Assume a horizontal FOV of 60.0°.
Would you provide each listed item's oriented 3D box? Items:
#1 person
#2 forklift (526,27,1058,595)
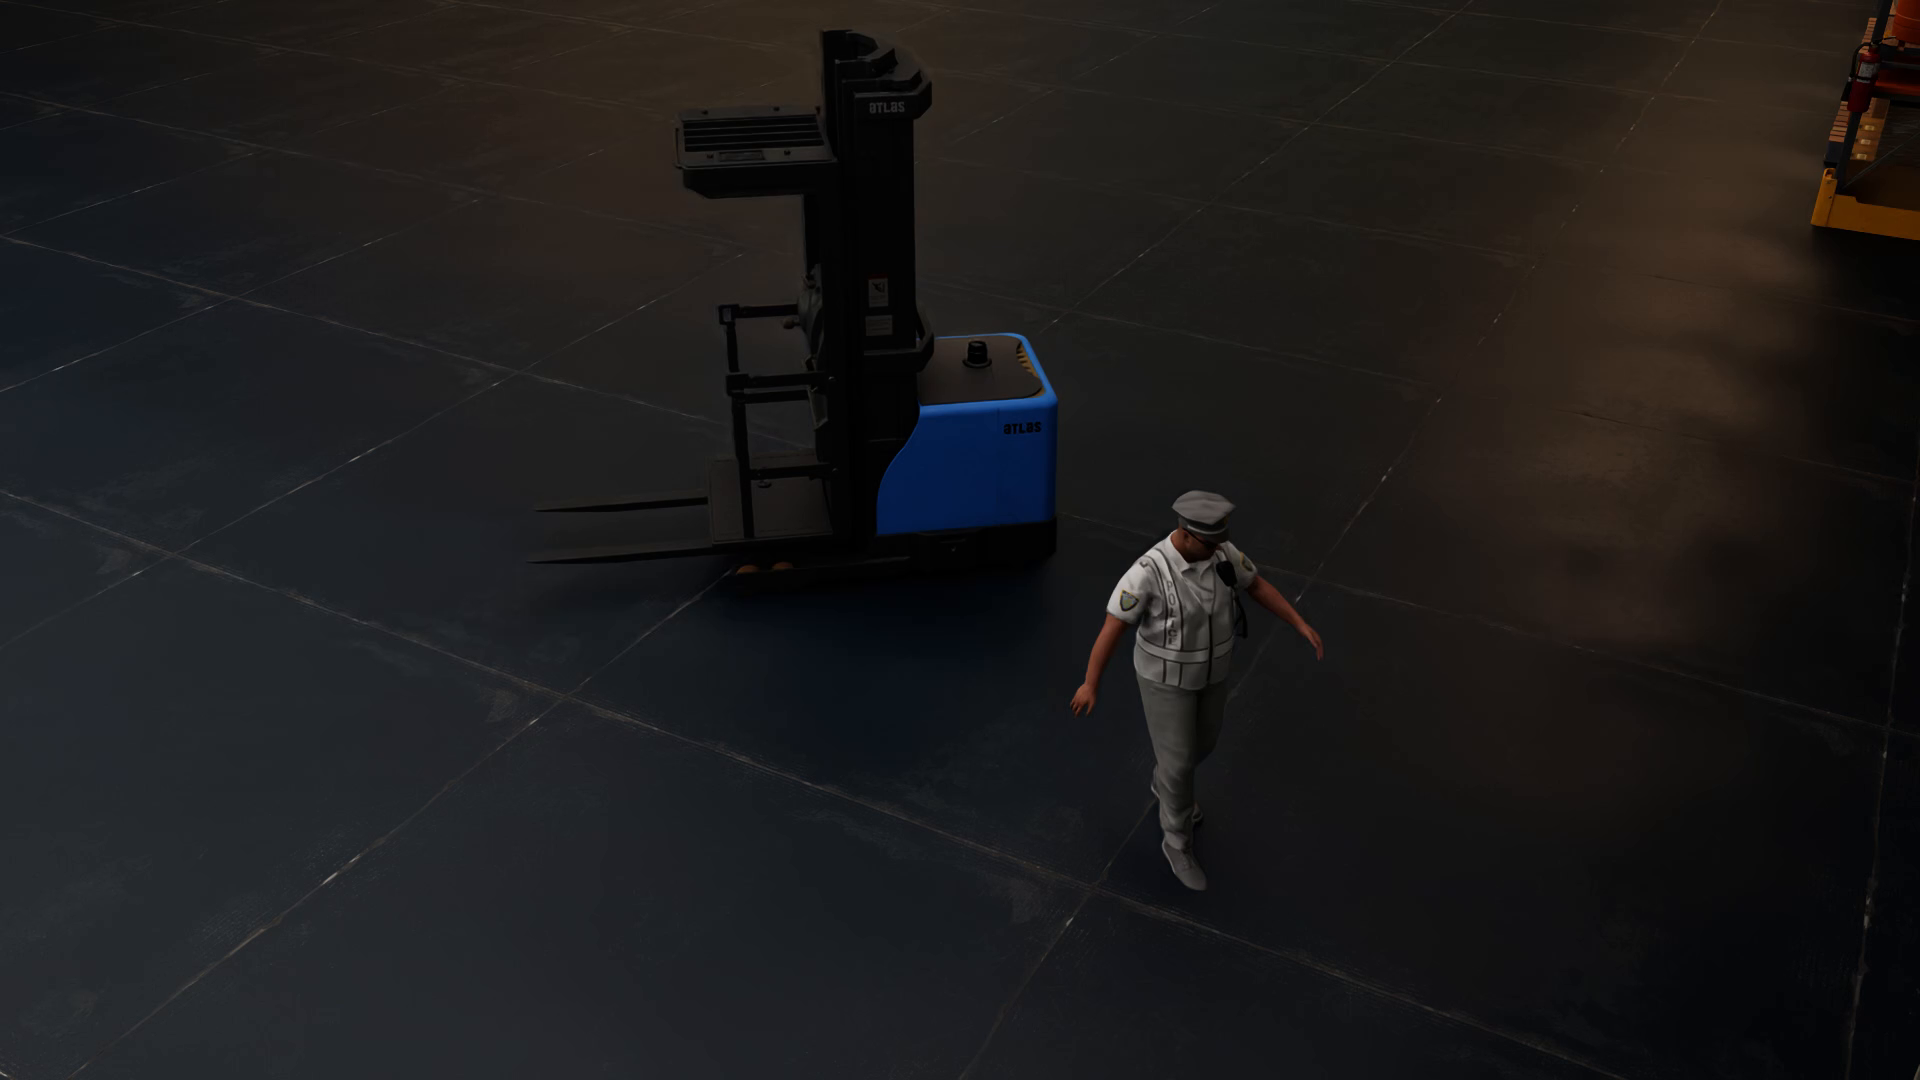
[{"bbox_3d":[1.004,0.638,7.223,1.011,1.756,0.701,-16,33,-25],"label":"person"},{"bbox_3d":[-1.001,-1.244,9.226,3.031,2.935,1.130,-5,30,-8],"label":"forklift"}]

========

Give back the material word for word, leaving out its pictures.

Output for this exercise:
Assume a horizontal FOV of 60.0°.
Would you provide each listed item's oriented 3D box? Items:
#1 person
#2 forklift (526,27,1058,595)
[{"bbox_3d":[1.004,0.638,7.223,1.011,1.756,0.701,-16,33,-25],"label":"person"},{"bbox_3d":[-1.001,-1.244,9.226,3.031,2.935,1.130,-5,30,-8],"label":"forklift"}]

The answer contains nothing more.